Every line that contains the word "wide" should be copied from the records below.

Data items
☆ ☆ ☆ ☆

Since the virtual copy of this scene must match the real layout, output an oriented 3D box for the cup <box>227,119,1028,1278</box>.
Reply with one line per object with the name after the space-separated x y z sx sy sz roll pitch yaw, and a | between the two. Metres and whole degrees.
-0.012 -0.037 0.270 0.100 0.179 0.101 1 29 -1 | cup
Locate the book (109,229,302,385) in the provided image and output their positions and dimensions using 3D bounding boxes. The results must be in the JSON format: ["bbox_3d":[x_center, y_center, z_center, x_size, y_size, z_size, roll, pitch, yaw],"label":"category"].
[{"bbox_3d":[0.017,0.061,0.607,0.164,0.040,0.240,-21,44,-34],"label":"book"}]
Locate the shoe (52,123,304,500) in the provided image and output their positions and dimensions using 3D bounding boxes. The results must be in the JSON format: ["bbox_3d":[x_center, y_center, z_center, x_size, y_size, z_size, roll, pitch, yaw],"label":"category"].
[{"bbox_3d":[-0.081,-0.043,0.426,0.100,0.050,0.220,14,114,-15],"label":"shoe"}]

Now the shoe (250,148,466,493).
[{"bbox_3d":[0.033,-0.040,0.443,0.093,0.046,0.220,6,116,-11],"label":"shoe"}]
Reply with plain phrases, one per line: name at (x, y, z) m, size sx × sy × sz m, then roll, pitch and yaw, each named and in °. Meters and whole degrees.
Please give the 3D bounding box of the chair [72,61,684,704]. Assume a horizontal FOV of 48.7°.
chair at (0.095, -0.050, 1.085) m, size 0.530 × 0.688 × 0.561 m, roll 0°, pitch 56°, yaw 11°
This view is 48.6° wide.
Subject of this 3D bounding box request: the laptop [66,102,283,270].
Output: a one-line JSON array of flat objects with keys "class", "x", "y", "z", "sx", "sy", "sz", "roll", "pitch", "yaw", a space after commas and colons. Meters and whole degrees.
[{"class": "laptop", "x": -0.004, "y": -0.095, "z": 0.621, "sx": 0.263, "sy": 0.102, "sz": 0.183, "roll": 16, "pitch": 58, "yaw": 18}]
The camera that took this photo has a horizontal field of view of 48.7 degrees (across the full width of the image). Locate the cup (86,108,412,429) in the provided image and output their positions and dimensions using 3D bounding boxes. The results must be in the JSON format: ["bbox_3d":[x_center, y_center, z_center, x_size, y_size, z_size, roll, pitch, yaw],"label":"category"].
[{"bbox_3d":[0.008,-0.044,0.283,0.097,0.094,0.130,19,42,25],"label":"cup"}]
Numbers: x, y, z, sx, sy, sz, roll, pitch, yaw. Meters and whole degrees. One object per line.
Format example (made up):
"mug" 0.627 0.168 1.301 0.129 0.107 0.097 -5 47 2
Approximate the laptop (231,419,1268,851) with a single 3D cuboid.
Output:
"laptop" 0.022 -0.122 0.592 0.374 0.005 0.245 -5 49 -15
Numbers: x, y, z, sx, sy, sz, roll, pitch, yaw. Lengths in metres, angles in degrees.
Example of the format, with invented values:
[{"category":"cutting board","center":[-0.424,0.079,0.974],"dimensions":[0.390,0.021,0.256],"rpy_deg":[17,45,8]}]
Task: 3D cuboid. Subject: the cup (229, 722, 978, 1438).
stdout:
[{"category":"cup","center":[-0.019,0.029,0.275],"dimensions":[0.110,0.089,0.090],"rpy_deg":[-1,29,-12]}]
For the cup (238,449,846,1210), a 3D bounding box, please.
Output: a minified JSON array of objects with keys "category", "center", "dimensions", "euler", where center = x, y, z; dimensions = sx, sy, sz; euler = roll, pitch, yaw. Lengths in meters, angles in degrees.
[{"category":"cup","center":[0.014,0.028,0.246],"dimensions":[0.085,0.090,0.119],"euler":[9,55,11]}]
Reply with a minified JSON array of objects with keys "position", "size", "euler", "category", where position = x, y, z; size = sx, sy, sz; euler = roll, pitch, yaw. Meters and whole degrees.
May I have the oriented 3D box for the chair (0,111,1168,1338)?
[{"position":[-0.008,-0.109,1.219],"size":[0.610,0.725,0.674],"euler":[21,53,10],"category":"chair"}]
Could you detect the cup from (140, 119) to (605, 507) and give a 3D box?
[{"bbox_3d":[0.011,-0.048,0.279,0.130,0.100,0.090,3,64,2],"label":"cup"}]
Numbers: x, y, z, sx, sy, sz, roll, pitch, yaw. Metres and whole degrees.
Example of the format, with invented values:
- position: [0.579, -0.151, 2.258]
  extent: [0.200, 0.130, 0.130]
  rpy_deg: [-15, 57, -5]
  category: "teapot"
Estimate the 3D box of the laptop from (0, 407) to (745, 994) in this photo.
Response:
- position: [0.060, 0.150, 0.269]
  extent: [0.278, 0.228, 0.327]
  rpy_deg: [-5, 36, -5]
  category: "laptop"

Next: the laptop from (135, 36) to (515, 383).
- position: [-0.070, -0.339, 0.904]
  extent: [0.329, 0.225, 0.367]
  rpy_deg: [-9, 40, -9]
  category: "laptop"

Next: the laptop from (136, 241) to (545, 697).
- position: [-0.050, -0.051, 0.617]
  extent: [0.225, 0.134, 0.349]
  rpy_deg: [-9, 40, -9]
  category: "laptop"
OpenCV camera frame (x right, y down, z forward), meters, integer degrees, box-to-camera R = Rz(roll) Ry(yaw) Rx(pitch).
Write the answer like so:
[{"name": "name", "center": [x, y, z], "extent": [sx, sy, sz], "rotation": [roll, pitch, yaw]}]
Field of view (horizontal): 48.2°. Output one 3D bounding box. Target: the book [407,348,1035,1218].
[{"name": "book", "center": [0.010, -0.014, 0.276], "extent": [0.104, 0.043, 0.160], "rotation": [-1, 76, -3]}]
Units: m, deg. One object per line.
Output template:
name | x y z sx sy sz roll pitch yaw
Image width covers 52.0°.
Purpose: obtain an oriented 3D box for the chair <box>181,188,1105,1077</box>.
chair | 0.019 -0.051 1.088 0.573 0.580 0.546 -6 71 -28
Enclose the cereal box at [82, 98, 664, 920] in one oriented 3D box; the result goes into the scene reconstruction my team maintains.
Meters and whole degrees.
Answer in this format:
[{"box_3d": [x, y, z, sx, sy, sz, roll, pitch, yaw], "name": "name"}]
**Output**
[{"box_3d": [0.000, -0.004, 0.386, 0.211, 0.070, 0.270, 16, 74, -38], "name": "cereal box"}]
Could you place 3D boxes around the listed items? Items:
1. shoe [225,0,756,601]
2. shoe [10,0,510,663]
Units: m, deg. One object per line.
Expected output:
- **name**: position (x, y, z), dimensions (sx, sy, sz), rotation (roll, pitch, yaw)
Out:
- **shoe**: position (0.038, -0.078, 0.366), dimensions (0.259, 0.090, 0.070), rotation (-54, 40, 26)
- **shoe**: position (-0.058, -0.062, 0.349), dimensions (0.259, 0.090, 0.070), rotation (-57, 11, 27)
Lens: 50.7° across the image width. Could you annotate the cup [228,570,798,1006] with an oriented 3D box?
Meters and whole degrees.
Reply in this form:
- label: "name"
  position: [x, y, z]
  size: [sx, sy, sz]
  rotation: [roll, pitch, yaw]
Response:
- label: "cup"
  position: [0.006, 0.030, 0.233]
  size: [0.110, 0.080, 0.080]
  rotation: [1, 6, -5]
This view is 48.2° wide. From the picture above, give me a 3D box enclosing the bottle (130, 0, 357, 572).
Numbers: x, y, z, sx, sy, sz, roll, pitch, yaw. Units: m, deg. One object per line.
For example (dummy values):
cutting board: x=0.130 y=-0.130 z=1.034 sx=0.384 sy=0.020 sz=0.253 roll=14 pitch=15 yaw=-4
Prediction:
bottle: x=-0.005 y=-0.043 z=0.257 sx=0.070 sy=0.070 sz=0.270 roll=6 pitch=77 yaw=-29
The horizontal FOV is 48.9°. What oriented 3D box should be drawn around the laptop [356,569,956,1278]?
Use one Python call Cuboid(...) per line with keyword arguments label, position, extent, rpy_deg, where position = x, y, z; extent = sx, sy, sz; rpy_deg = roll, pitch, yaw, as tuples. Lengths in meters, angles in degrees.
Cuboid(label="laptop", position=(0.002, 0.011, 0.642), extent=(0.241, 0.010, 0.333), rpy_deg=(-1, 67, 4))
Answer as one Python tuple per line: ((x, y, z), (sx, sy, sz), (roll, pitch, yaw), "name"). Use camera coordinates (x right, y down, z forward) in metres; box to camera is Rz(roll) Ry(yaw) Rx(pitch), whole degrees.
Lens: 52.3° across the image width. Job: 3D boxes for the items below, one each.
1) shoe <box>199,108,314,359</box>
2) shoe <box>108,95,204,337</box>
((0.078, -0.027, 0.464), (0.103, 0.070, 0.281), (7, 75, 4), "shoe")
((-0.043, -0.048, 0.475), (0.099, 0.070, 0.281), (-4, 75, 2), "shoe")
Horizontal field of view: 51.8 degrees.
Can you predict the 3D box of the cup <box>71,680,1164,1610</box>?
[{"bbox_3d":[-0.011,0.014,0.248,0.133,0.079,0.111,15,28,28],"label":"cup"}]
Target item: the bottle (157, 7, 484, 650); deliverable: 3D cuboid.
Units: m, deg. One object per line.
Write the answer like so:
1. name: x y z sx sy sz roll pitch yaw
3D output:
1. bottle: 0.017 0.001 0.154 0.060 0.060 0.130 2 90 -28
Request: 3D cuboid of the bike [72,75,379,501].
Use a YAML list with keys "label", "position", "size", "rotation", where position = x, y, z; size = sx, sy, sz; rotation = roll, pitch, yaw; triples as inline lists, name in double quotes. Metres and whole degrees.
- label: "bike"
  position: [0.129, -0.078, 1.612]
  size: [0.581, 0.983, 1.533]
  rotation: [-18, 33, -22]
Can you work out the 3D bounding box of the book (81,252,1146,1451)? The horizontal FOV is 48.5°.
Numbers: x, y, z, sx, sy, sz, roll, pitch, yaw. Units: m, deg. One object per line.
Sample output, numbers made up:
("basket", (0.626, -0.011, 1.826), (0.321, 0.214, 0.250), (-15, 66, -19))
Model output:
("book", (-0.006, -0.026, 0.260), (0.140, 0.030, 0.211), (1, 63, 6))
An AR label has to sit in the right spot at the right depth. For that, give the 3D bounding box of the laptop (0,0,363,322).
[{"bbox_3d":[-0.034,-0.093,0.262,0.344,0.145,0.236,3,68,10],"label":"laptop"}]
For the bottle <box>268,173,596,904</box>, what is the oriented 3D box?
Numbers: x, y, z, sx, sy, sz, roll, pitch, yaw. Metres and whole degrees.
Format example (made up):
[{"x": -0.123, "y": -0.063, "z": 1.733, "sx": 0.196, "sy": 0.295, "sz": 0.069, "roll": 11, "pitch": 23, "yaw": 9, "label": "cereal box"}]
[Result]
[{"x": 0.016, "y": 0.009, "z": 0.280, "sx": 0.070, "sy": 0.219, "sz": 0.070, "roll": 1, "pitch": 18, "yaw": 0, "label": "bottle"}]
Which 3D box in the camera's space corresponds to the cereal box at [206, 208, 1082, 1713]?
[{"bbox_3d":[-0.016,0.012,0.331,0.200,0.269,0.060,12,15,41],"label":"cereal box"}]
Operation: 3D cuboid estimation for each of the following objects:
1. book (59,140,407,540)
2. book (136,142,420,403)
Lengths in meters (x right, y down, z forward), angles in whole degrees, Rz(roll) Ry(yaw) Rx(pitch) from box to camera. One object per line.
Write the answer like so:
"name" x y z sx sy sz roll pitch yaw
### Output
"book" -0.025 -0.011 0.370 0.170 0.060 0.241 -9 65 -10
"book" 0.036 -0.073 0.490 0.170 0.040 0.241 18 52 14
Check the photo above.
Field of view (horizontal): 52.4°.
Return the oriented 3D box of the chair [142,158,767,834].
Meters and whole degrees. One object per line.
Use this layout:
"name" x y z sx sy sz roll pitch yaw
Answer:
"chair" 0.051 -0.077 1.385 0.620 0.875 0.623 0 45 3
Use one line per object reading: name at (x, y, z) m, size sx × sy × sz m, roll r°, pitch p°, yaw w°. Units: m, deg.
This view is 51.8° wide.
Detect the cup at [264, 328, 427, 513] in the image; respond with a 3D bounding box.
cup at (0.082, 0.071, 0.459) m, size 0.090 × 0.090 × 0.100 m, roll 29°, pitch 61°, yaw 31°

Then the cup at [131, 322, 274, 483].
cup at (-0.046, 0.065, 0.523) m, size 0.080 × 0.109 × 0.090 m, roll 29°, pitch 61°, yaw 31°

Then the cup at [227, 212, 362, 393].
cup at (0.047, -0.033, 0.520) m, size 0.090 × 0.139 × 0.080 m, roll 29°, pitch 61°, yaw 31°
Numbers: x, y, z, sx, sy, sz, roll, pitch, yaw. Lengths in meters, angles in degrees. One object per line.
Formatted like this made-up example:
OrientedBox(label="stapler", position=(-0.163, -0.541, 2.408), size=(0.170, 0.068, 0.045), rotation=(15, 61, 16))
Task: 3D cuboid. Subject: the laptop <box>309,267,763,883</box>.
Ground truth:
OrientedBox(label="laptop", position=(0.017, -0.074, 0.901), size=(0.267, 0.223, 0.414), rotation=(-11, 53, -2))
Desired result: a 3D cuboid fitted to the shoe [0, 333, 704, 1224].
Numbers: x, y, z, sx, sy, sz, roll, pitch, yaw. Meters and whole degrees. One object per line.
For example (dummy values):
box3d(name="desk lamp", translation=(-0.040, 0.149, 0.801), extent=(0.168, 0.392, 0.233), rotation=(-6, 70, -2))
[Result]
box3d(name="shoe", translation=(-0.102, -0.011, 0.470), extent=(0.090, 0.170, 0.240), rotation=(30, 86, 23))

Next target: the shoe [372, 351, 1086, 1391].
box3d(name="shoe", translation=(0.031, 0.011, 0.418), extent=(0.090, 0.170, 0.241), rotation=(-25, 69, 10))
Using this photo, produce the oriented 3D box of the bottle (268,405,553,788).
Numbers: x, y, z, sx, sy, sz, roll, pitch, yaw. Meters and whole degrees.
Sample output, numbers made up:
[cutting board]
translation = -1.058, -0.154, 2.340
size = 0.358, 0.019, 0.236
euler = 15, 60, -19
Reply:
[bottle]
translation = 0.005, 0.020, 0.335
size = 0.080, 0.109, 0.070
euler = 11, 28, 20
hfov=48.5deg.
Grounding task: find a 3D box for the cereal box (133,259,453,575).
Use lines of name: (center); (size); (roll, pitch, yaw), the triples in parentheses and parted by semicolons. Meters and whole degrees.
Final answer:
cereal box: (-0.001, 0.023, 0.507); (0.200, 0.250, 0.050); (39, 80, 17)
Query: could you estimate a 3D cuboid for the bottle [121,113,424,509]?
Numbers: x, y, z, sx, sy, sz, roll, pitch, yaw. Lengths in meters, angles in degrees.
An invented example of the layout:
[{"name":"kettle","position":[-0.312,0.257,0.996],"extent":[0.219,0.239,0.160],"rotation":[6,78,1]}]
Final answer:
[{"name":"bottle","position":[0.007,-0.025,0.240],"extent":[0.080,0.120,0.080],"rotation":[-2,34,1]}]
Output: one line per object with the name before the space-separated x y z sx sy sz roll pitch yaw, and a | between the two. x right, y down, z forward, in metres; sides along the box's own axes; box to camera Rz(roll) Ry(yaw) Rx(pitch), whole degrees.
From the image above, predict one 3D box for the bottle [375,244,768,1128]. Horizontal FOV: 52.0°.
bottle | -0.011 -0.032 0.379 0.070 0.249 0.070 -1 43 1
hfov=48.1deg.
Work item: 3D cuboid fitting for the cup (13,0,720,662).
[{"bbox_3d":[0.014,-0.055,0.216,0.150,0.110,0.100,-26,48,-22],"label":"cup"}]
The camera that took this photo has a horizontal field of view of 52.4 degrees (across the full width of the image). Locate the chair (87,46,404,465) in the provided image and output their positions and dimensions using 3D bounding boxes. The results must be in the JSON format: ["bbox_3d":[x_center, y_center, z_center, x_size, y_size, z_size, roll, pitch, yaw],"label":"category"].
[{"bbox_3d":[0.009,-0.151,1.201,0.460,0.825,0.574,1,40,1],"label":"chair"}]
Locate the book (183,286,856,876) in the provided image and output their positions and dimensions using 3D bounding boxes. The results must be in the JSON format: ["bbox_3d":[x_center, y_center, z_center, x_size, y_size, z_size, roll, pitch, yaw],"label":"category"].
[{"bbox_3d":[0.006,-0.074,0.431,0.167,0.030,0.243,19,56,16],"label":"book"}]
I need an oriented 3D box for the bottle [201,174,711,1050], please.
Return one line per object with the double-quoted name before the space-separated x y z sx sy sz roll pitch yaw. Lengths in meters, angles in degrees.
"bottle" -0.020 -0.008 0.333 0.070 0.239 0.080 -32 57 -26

☆ ☆ ☆ ☆

TASK RESPONSE:
This view is 48.6° wide.
This view is 48.2° wide. From the picture above, give me a 3D box enclosing the bottle (130, 0, 357, 572).
This view is 51.8° wide.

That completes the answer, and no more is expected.